Stressing the presumption of reviewability of agency decisions, Weyerhaeuser argues that the service’s decision not to exclude Unit 1 from the designation of critical habitat is subject to judicial review. It urges the court to overturn the service’s decision as an abuse of discretion because the costs of up to $34 million outweigh the benefits of conserving the dusky gopher frog.
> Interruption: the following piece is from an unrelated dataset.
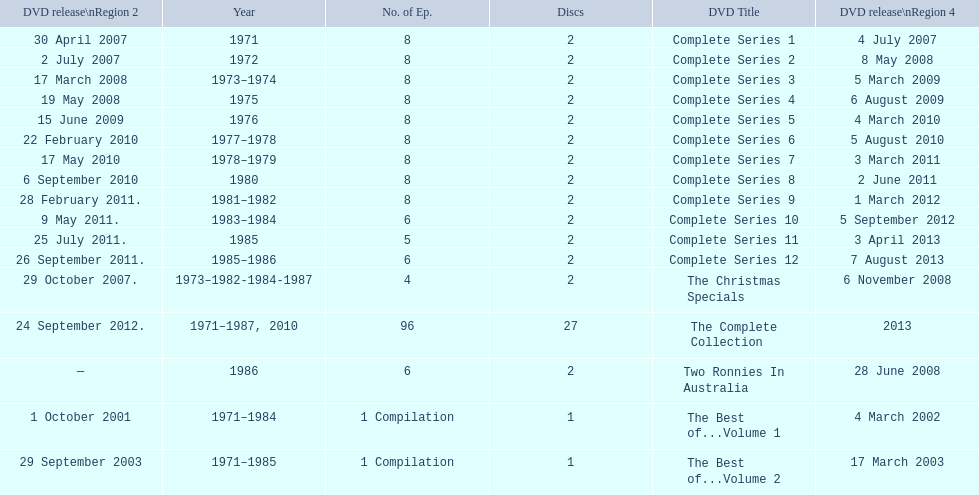The television show "the two ronnies" ran for a total of how many seasons? 12. 
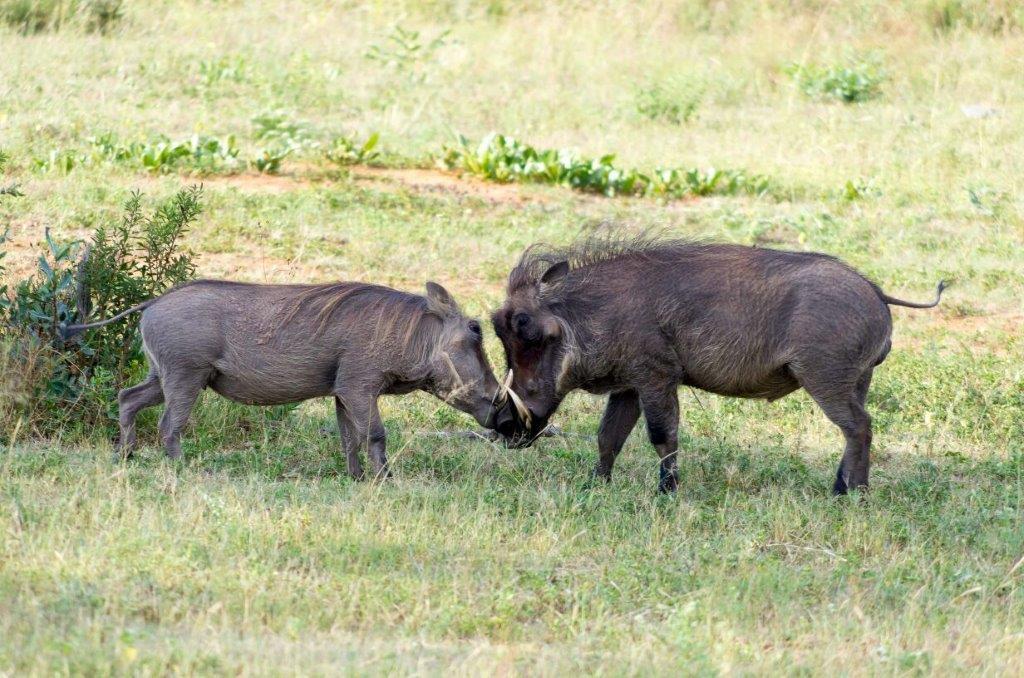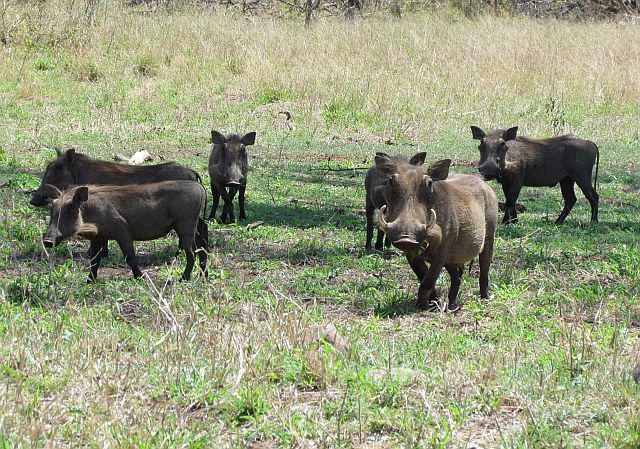The first image is the image on the left, the second image is the image on the right. For the images displayed, is the sentence "There are exactly five animals in the image on the right." factually correct? Answer yes or no. No.

The service argues that the plain meaning of the critical-habitat provisions supports its designation decision, noting as a backup that it should receive deference to its interpretation under Chevron even if the Supreme Court finds the statute ambiguous. The service argues that its decision on critical habitat “subsumed” a determination that Unit 1 is “habitat” and notes that Weyerhaeuser did not challenge its factual findings in the lower courts. The service states that “habitat remains ‘habitat’ even if it would require human intervention (such as restoration) to become optimal for a species’ long-term conservation.” Were it otherwise, the service asserts, “the Act’s contemplation that habitat may need restoration for recovery of the species would have little meaning.” Throughout its brief, the service defends its legal judgments by reference to its detailed findings in the administrative record. The service argues that the constitutional avoidance canon is inapplicable because the constitutional concerns Weyerhaeuser raises would not be avoided by its preferred interpretation.